*WHAT YOU HAVE TO DO*. Repeat each record exactly as written, and drop any images.

Saved data entries
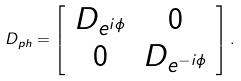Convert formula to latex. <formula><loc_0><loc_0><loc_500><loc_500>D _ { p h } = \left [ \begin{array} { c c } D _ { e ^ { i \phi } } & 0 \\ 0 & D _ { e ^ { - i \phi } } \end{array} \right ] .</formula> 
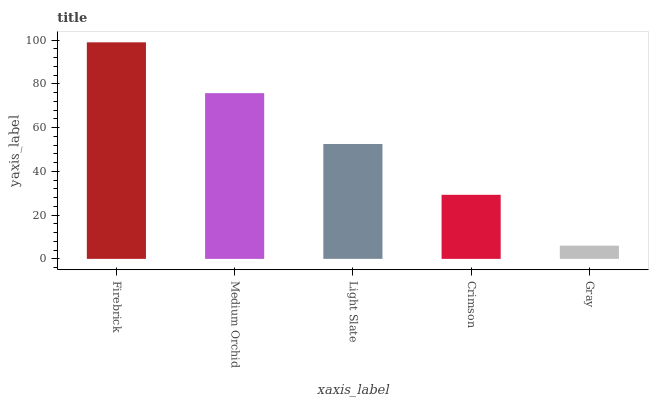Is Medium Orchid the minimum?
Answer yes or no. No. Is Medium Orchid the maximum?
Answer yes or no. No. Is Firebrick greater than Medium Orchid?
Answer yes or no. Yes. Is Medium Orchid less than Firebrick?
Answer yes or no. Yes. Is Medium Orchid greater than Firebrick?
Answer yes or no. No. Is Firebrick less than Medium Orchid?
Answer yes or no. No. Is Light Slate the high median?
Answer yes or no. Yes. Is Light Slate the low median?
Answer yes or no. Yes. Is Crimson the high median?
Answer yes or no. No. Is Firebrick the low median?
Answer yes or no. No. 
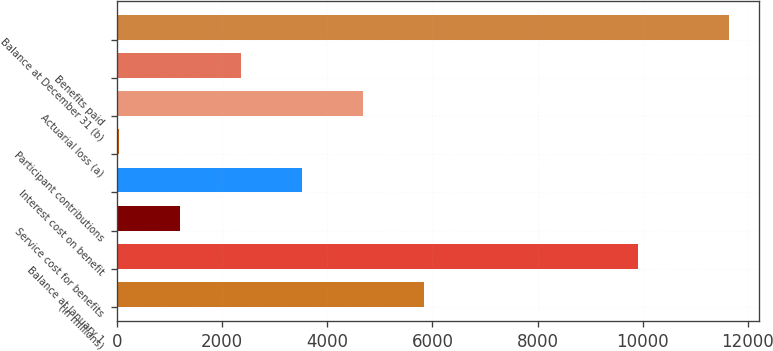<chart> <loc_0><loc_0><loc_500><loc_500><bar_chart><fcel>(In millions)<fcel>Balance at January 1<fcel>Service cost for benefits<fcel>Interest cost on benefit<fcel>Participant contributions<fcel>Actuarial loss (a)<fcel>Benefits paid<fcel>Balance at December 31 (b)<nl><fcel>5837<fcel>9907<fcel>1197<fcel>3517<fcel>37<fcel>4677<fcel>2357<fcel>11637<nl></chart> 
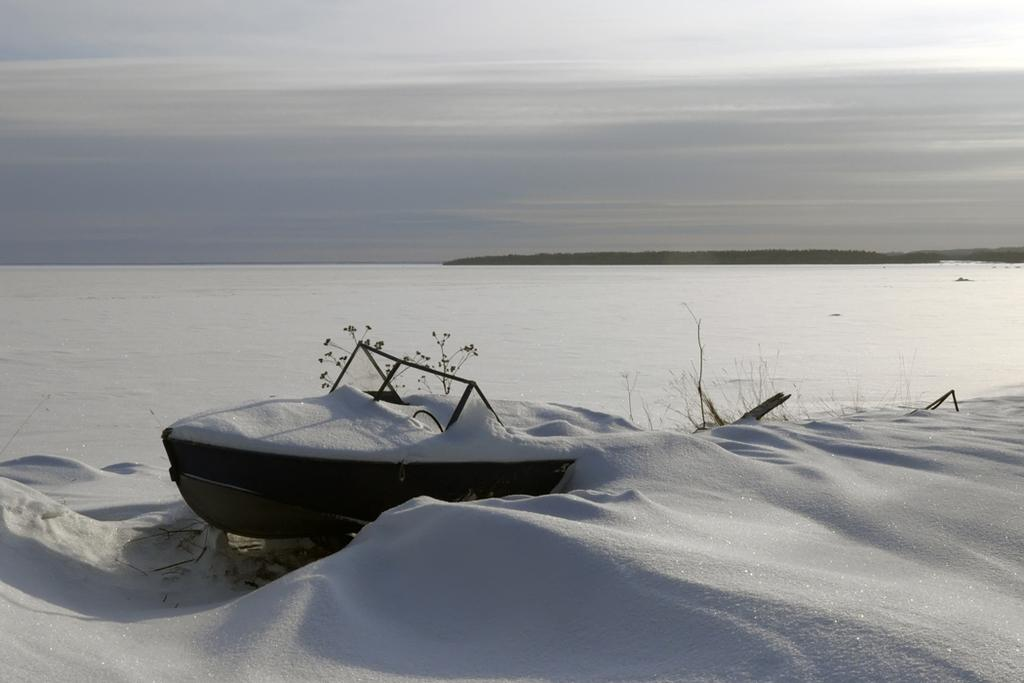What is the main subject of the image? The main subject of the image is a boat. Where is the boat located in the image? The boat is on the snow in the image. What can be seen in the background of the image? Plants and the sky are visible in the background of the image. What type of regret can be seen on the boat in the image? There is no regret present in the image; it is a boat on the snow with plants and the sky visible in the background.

*OUTPUT OF THE TASK*.
Convert formula to latex. <formula><loc_0><loc_0><loc_500><loc_500>D _ { p h } = \left [ \begin{array} { c c } D _ { e ^ { i \phi } } & 0 \\ 0 & D _ { e ^ { - i \phi } } \end{array} \right ] .</formula> 
Is Medium Orchid the minimum?
Answer yes or no. No. Is Medium Orchid the maximum?
Answer yes or no. No. Is Firebrick greater than Medium Orchid?
Answer yes or no. Yes. Is Medium Orchid less than Firebrick?
Answer yes or no. Yes. Is Medium Orchid greater than Firebrick?
Answer yes or no. No. Is Firebrick less than Medium Orchid?
Answer yes or no. No. Is Light Slate the high median?
Answer yes or no. Yes. Is Light Slate the low median?
Answer yes or no. Yes. Is Crimson the high median?
Answer yes or no. No. Is Firebrick the low median?
Answer yes or no. No. 
<chart> <loc_0><loc_0><loc_500><loc_500><bar_chart><fcel>(In millions)<fcel>Balance at January 1<fcel>Service cost for benefits<fcel>Interest cost on benefit<fcel>Participant contributions<fcel>Actuarial loss (a)<fcel>Benefits paid<fcel>Balance at December 31 (b)<nl><fcel>5837<fcel>9907<fcel>1197<fcel>3517<fcel>37<fcel>4677<fcel>2357<fcel>11637<nl></chart> 
What is the main subject of the image? The main subject of the image is a boat. Where is the boat located in the image? The boat is on the snow in the image. What can be seen in the background of the image? Plants and the sky are visible in the background of the image. What type of regret can be seen on the boat in the image? There is no regret present in the image; it is a boat on the snow with plants and the sky visible in the background.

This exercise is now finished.